Sanzioni più veloci e certe per gli statali assenteisti
I vizi formali non basteranno a evitarle, procedimenti disciplinari entro 60 giorni
Addio alle battaglie di carta bollata e alle contestazioni sul calendario delle notifiche o sui passaggi procedurali: per difendersi dalle sanzioni disciplinari, licenziamenti compresi, bisognerà parlare del merito.
Questo, almeno, è l’obiettivo ambizioso del nuovo codice disciplinare dei dipendenti pubblici scritto nel decreto legislativo della riforma Madia che giovedì ha ottenuto il primo via libera in consiglio dei ministri. Questa mossa, che si affianca all’accelerazione sui tempi delle procedure e al rafforzamento delle responsabilità dei dirigenti, è stata finora la meno fortunata sul piano mediatico, ma potrebbe rivelarsi la più efficace all’atto pratico.
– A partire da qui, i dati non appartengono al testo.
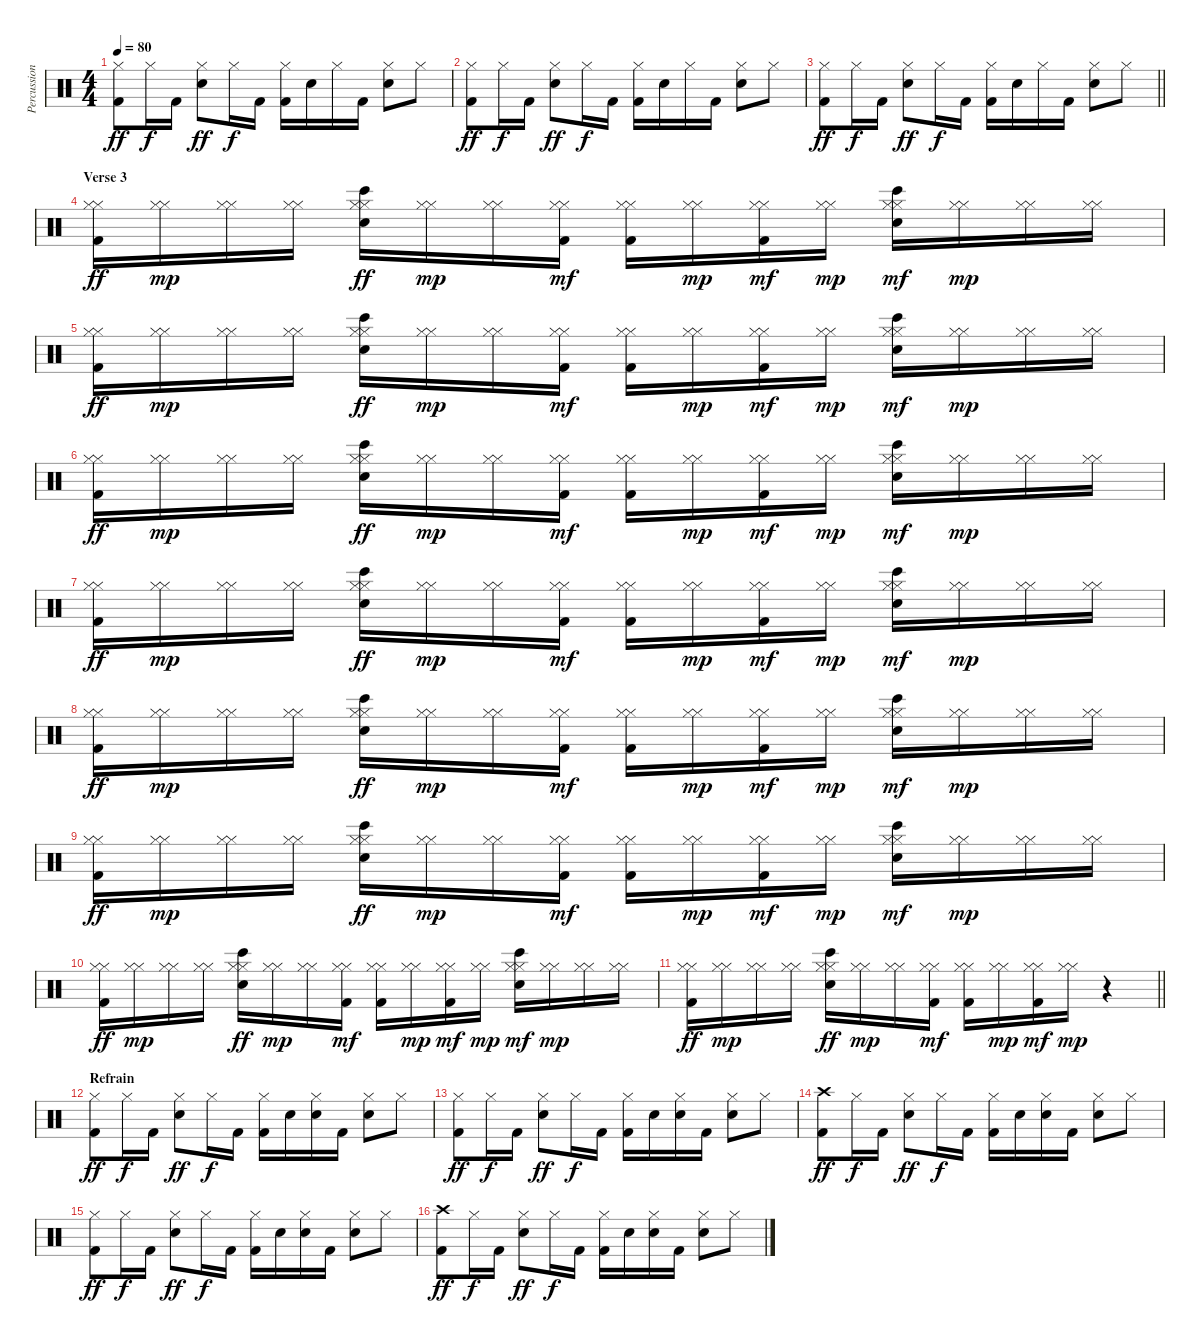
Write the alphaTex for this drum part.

Vediamo perché.
Spinta anche dalla continua pressione della cronaca, che anche ieri ha regalato un maxi-caso di assenteismo in Campania (si veda la fotonotizia qui a fianco), la riforma torna sul codice disciplinare dei dipendenti pubblici, tema che ovviamente va molto oltre ai casi dei timbratori di cartellino più presenti al mercato che in ufficio. In fatto di licenziamenti, il codice riscritto dal decreto riprende le vecchie cause possibili, dalle assenze ingiustificate alle «gravi condotte aggressive», dalle false dichiarazioni alle condanne penali definitive con i nterdizione dai pubblici uffici fino alle violazioni gravi e reiterate del codice di comportamento, e ne aggiunge tre: il rendimento negativo per tre anni, con una norma che in realtà aggiusta e riprende una regola già prevista e quasi mai applicata, la violazione di obblighi che abbia portato alla sospensione per più di un anno in un biennio e, soprattutto, il mancato esercizio dell’azione disciplinare da parte del funzionario che ha il dovere di avviarla.
Quest’ultimo punto rende generale un principio già anticipato, per i soli casi degli assenteisti colti in flagrante, dal decreto dell’anno scorso sulle false timbrature. Il dirigente che deve vigilare e far partire l’azione disciplinare, ma non lo fa, rischia la stessa sanzione del dipendente infedele.
Sempre dal decreto sulle false timbrature viene ripreso ed esteso il calendario accelerato per arrivare alla sanzione. La procedura sprint, con la sospensione in 48 ore e l’uscita definitiva in 30 giorni, viene estesa a tutti i casi in cui il dipendente pubblico viene colto in flagrante a mettere in pratica il comportamento che può portare al licenziamento. Chi viene intercettato a chiedere una tangente per rilasciare un permesso, giusto per fare un esempio brutale, rientra in questa casistica. Anche le procedure ordinarie, senza flagranza, sono però chiamate a un’accelerazione decisa, che nel testo esaminato dal consiglio dei ministri prevede l’arrivo al traguardo della sanzione in 60 giorni.
L’ampliamento dei casi e il taglio dei tempi, però, da soli conterebbero poco, e anzi rischierebbero di rivelarsi controproducenti senza la terza mossa, quella che chiude il cerchio e prevede che procedimento e sanzione non possano essere fatti cadere da ostacoli procedurali o dal mancato rispetto dei tempi. Il rischio, altrimenti, sarebbe quello di garantire il successo delle tecniche di difesa che puntano sulla dilazione e non sulle risposte nel merito. I ritardi nell’iter, quindi, saranno pagati dai responsabili, ma non favoriranno gli “imputati”: a meno che gli inciampi della procedura non compromettano «irrimediabilmente» i diritti di difesa del dipendente, con una previsione inevitabile per evitare rischi di costituzionalità che andrà però declinata in modo concreto in tribunale.
In quest’ottica rientrano anche i primi ritocchi all’articolo 18, che mantengono la “tutela reale” del reintegro ma fissano un tetto di 24 mensilità agli indennizzi. Non solo: in caso di reintegro l’amministrazione potrà tentare una prova d’appello, riattivando la procedura disciplinare entro 60 giorni dalla sentenza definitiva.